Second stimulus checks are on the way to many Americans — but for struggling renters, they won't go very far.
The new checks of up to $600 per person began arriving in some Americans' bank accounts Tuesday night, Treasury Secretary Steven Mnuchin said, and paper checks began going out Wednesday.
Efforts to offer Americans a bigger stimulus have stalled. President Donald Trump has called for more aid, and said in a statement Sunday that the Senate would "start the process for a vote that increases checks to $2,000." But while the House voted Monday to increase direct checks to $2,000, Senate Majority Leader Mitch McConnell later blocked that measure.
There's a big difference between how far either amount would go in helping struggling Americans cover essential bills like rent. "People will burn through that [$600] as soon as they get the check," says Wayne Vroman, an economist at the Urban Institute.

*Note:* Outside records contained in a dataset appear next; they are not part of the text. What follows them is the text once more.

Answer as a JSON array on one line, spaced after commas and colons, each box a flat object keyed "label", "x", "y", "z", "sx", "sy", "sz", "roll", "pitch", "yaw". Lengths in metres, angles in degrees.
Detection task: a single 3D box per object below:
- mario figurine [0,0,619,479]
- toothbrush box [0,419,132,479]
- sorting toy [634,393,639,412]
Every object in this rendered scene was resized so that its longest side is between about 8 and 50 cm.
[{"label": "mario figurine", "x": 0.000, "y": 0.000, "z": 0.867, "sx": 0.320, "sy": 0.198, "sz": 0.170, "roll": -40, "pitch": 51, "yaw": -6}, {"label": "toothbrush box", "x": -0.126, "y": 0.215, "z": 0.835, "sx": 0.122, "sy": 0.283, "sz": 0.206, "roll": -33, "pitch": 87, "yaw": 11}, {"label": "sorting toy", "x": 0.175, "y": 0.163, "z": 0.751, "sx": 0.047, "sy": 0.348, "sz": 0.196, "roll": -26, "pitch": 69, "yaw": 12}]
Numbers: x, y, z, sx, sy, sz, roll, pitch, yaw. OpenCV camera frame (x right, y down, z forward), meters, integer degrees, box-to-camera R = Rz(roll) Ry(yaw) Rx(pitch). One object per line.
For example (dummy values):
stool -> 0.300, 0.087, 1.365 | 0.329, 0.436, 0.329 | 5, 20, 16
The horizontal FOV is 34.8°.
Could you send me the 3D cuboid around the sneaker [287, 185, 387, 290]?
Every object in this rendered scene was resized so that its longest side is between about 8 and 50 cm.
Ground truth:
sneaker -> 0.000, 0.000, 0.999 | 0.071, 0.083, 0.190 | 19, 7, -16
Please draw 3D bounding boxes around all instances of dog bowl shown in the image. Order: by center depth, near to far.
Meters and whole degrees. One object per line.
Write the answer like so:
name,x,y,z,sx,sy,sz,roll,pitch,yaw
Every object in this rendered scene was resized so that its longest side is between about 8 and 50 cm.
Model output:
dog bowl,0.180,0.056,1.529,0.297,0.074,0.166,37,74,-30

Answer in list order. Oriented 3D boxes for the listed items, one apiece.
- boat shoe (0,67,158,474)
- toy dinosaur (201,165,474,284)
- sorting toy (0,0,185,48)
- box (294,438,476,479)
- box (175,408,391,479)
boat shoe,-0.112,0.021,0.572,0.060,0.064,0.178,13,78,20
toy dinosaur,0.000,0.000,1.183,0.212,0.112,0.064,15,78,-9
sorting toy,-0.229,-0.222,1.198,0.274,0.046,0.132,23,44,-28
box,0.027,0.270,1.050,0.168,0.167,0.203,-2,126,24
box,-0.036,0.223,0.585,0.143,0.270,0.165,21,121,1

Grow's analysis of Census Bureau data shows that only 16% of counties in the United States report median rents of $600 or lower. More to the point, those counties only account for 2% of the U.S. population.
By contrast, a $2,000 stimulus check would cover the median rent in almost the entire country. Only three counties in the San Francisco Bay Area have median rents higher than $2,000, according to the Census Bureau.
Of course, the $600 figure is just the baseline for this second round of stimulus payments: The actual amount that you'll receive could be more or less depending on factors including your filing status, the size of your family, and the income detailed on your latest tax return. Check out Grow's calculator to figure out how much you could get.
While the stimulus check alone may not be a huge help, the new legislation also includes measures to help renters, including $25 billion dollars for states to provide rental assistance and an extension of the national eviction moratorium through January 2021. That aid will be critical for the nearly 20% of renters who told the Census Bureau that they're at least one month behind paying their landlords, and the 15% who aren't sure if they'll make next month's rent.
The measures are "a start," Rep. Maxine Waters (D-Calif.) recently told CNBC Make It, but adds that "we have to do whatever it takes" to keep people housed.